### Your instructions
For each record below, output its text exactly and skip any picture.

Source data
......
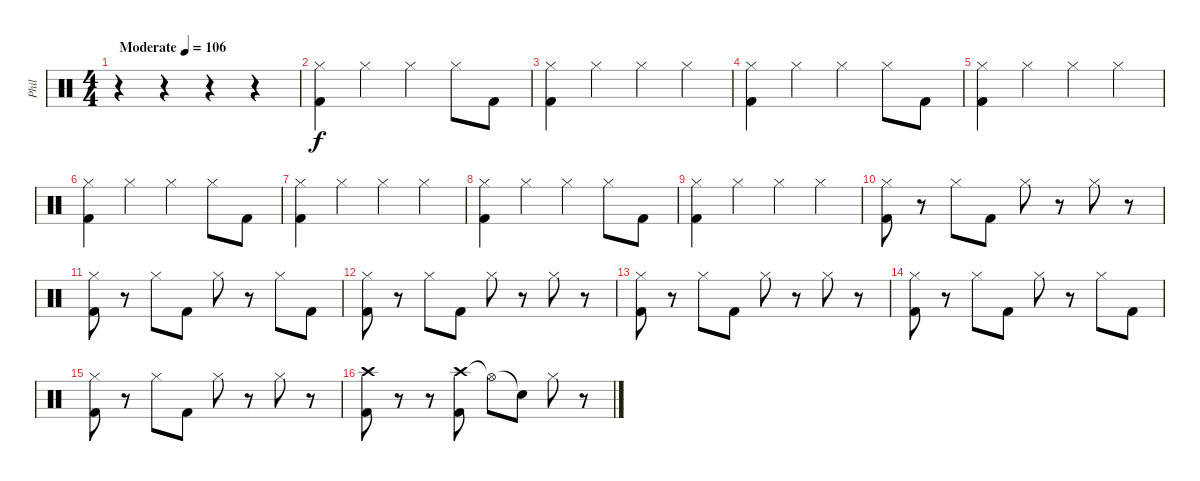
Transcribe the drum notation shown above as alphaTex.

\track ("Phil" "Phil") {instrument percussion}
\staff {score}
\articulation defaults
\ts (4 4)
\tempo (106 "Moderate")
\clef neutral
\ks c
r.4{dy f} r.4 r.4 r.4 |
("Hi-Hat (closed)" "Kick (hit) 2").4 "Hi-Hat (closed)".4 "Hi-Hat (closed)".4 "Hi-Hat (closed)".8 "Kick (hit) 2".8 |
("Hi-Hat (closed)" "Kick (hit) 2").4 "Hi-Hat (closed)".4 "Hi-Hat (closed)".4 "Hi-Hat (closed)".4 |
("Hi-Hat (closed)" "Kick (hit) 2").4 "Hi-Hat (closed)".4 "Hi-Hat (closed)".4 "Hi-Hat (closed)".8 "Kick (hit) 2".8 |
("Hi-Hat (closed)" "Kick (hit) 2").4 "Hi-Hat (closed)".4 "Hi-Hat (closed)".4 "Hi-Hat (closed)".4 |
("Hi-Hat (closed)" "Kick (hit) 2").4 "Hi-Hat (closed)".4 "Hi-Hat (closed)".4 "Hi-Hat (closed)".8 "Kick (hit) 2".8 |
("Hi-Hat (closed)" "Kick (hit) 2").4 "Hi-Hat (closed)".4 "Hi-Hat (closed)".4 "Hi-Hat (closed)".4 |
("Hi-Hat (closed)" "Kick (hit) 2").4 "Hi-Hat (closed)".4 "Hi-Hat (closed)".4 "Hi-Hat (closed)".8 "Kick (hit) 2".8 |
("Hi-Hat (closed)" "Kick (hit) 2").4 "Hi-Hat (closed)".4 "Hi-Hat (closed)".4 "Hi-Hat (closed)".4 |
("Hi-Hat (closed)" "Kick (hit) 2").8 r.8 "Hi-Hat (closed)".8 "Kick (hit) 2".8 "Hi-Hat (closed)".8 r.8 "Hi-Hat (closed)".8 r.8 |
("Hi-Hat (closed)" "Kick (hit) 2").8 r.8 "Hi-Hat (closed)".8 "Kick (hit) 2".8 "Hi-Hat (closed)".8 r.8 "Hi-Hat (closed)".8 "Kick (hit) 2".8 |
("Hi-Hat (closed)" "Kick (hit) 2").8 r.8 "Hi-Hat (closed)".8 "Kick (hit) 2".8 "Hi-Hat (closed)".8 r.8 "Hi-Hat (closed)".8 r.8 |
("Hi-Hat (closed)" "Kick (hit) 2").8 r.8 "Hi-Hat (closed)".8 "Kick (hit) 2".8 "Hi-Hat (closed)".8 r.8 "Hi-Hat (closed)".8 r.8 |
("Hi-Hat (closed)" "Kick (hit) 2").8 r.8 "Hi-Hat (closed)".8 "Kick (hit) 2".8 "Hi-Hat (closed)".8 r.8 "Hi-Hat (closed)".8 "Kick (hit) 2".8 |
("Hi-Hat (closed)" "Kick (hit) 2").8 r.8 "Hi-Hat (closed)".8 "Kick (hit) 2".8 "Hi-Hat (closed)".8 r.8 "Hi-Hat (closed)".8 r.8 |
("Crash high (hit)" "Kick (hit) 2").8 r.8 r.8 ("Crash high (hit)" "Kick (hit) 2").8 "Hi-Hat (open)"{t}.8 "Snare (hit)"{t}.8 "Hi-Hat (closed)".8 r.8
......
### Task answer
Transcribe the drum notation shown above as alphaTex.

\track ("Phil" "Phil") {instrument percussion}
\staff {score}
\articulation defaults
\ts (4 4)
\tempo (106 "Moderate")
\clef neutral
\ks c
r.4{dy f} r.4 r.4 r.4 |
("Hi-Hat (closed)" "Kick (hit) 2").4 "Hi-Hat (closed)".4 "Hi-Hat (closed)".4 "Hi-Hat (closed)".8 "Kick (hit) 2".8 |
("Hi-Hat (closed)" "Kick (hit) 2").4 "Hi-Hat (closed)".4 "Hi-Hat (closed)".4 "Hi-Hat (closed)".4 |
("Hi-Hat (closed)" "Kick (hit) 2").4 "Hi-Hat (closed)".4 "Hi-Hat (closed)".4 "Hi-Hat (closed)".8 "Kick (hit) 2".8 |
("Hi-Hat (closed)" "Kick (hit) 2").4 "Hi-Hat (closed)".4 "Hi-Hat (closed)".4 "Hi-Hat (closed)".4 |
("Hi-Hat (closed)" "Kick (hit) 2").4 "Hi-Hat (closed)".4 "Hi-Hat (closed)".4 "Hi-Hat (closed)".8 "Kick (hit) 2".8 |
("Hi-Hat (closed)" "Kick (hit) 2").4 "Hi-Hat (closed)".4 "Hi-Hat (closed)".4 "Hi-Hat (closed)".4 |
("Hi-Hat (closed)" "Kick (hit) 2").4 "Hi-Hat (closed)".4 "Hi-Hat (closed)".4 "Hi-Hat (closed)".8 "Kick (hit) 2".8 |
("Hi-Hat (closed)" "Kick (hit) 2").4 "Hi-Hat (closed)".4 "Hi-Hat (closed)".4 "Hi-Hat (closed)".4 |
("Hi-Hat (closed)" "Kick (hit) 2").8 r.8 "Hi-Hat (closed)".8 "Kick (hit) 2".8 "Hi-Hat (closed)".8 r.8 "Hi-Hat (closed)".8 r.8 |
("Hi-Hat (closed)" "Kick (hit) 2").8 r.8 "Hi-Hat (closed)".8 "Kick (hit) 2".8 "Hi-Hat (closed)".8 r.8 "Hi-Hat (closed)".8 "Kick (hit) 2".8 |
("Hi-Hat (closed)" "Kick (hit) 2").8 r.8 "Hi-Hat (closed)".8 "Kick (hit) 2".8 "Hi-Hat (closed)".8 r.8 "Hi-Hat (closed)".8 r.8 |
("Hi-Hat (closed)" "Kick (hit) 2").8 r.8 "Hi-Hat (closed)".8 "Kick (hit) 2".8 "Hi-Hat (closed)".8 r.8 "Hi-Hat (closed)".8 r.8 |
("Hi-Hat (closed)" "Kick (hit) 2").8 r.8 "Hi-Hat (closed)".8 "Kick (hit) 2".8 "Hi-Hat (closed)".8 r.8 "Hi-Hat (closed)".8 "Kick (hit) 2".8 |
("Hi-Hat (closed)" "Kick (hit) 2").8 r.8 "Hi-Hat (closed)".8 "Kick (hit) 2".8 "Hi-Hat (closed)".8 r.8 "Hi-Hat (closed)".8 r.8 |
("Crash high (hit)" "Kick (hit) 2").8 r.8 r.8 ("Crash high (hit)" "Kick (hit) 2").8 "Hi-Hat (open)"{t}.8 "Snare (hit)"{t}.8 "Hi-Hat (closed)".8 r.8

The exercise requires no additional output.